先生曰:“只是一个工夫。无事时固是独知[178],有事时亦是独知。人若不知于此独知之地用力,只在人所共知处用功,便是作伪,便是‘见君子而后厌然’[179]。此独知处便是诚的萌芽,此处不论善念恶念,更无虚假,一是百是,一错百错,正是王霸、义利、诚伪、善恶界头。于此一立立定,便是端本澄源,便是立诚[180]。古人许多诚身的工夫,精神命脉,全体只在此处,真是莫见莫显,无时无处,无终无始,只是此个工夫。今若又分戒惧为己所不知,即工夫便支离,亦有间断。既戒惧即是知,己若不知,是谁戒惧?如此见解,便要流入断灭禅定[181]。”
曰:“不论善念恶念,更无虚假,则独知之地,更无无念时邪?”
曰:“戒惧亦是念。戒惧之念,无时可息。若戒惧之心稍有不存,不是昏聩,便已流入恶念。自朝至暮,自少至老,若要无念,即是己不知。此除是昏睡,除是槁木死灰。”
【译文】
黄弘纲问:“戒惧是在自己不知道的时候下的功夫,慎独是独处时下的功夫,这么说对吗?”

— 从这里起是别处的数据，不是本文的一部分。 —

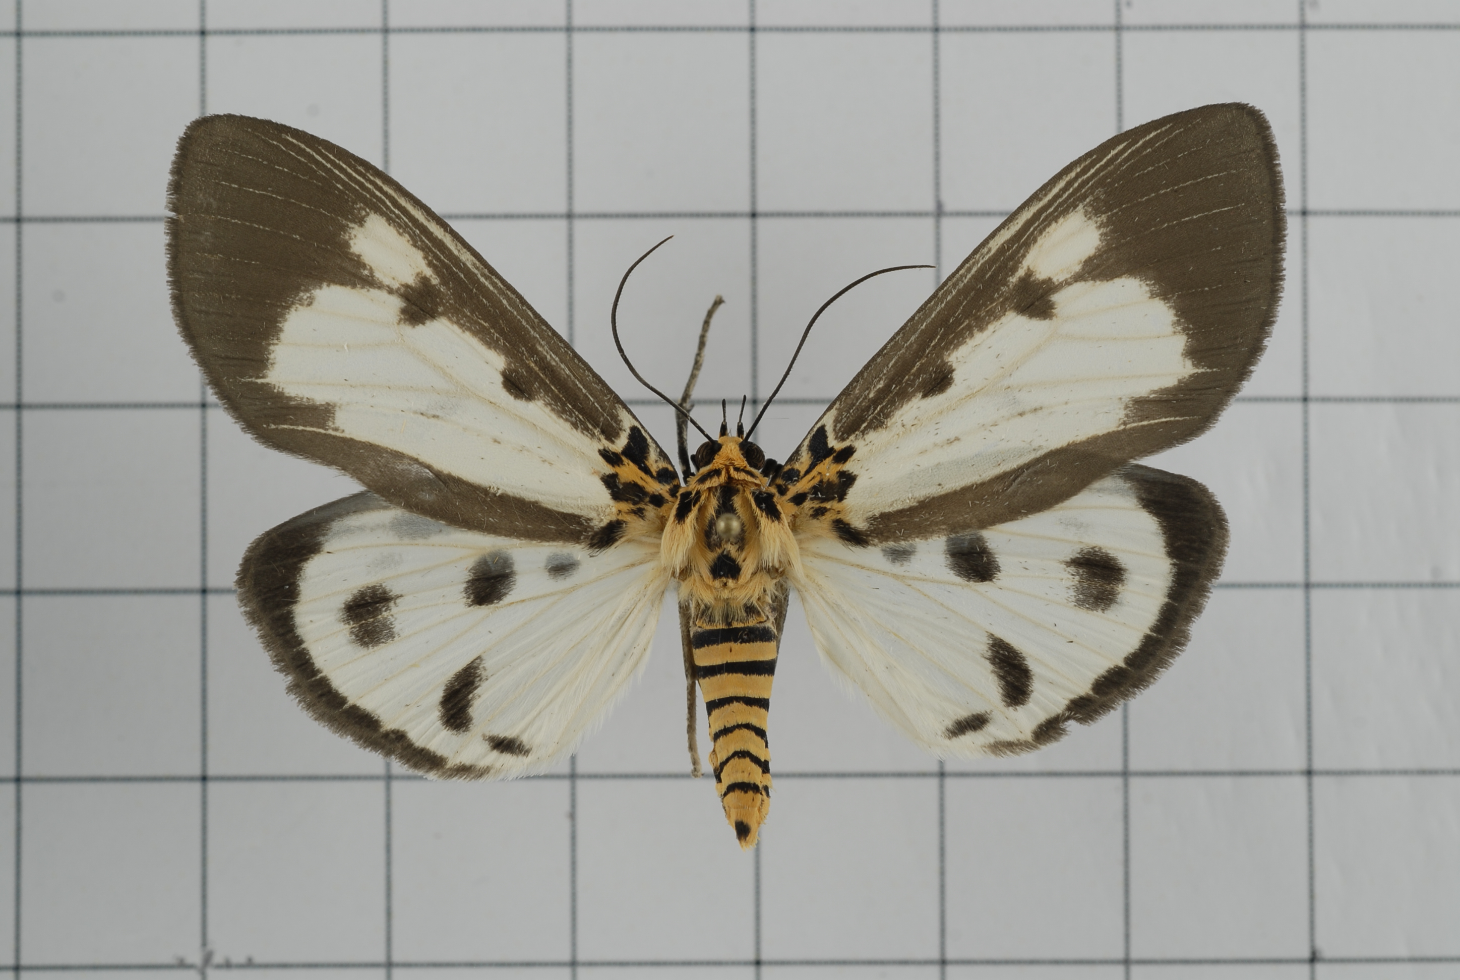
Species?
Asota plana lacteata

先生说:“两者只是同一个功夫。无事时固然是独处,有事时也是独处。人如果不在独处时下功夫,只在与他人共处时用功,就是作假,就是‘见到君子然后收敛恶行’。独处的时候便是诚的萌芽,这时无论善念恶念,没有丝毫作假,一对都对,一错都错,这正是王道与霸道、义和利、诚和伪、善与恶的分界处。在此时坚定志向,就是正本清源,就是确立诚德。古人所说的许多至诚修身的功夫,精神实质也都在此,真是看不见也不显现,不知在何处,也不知从何处开始的功夫。如今若把戒惧看成是自己不知道的时候的功夫,便把功夫分开来看了,中间多出了隔断。戒惧就是知,如果自己不知,那么是谁在戒惧?如果持这种见解,就会沦入断灭禅定了。”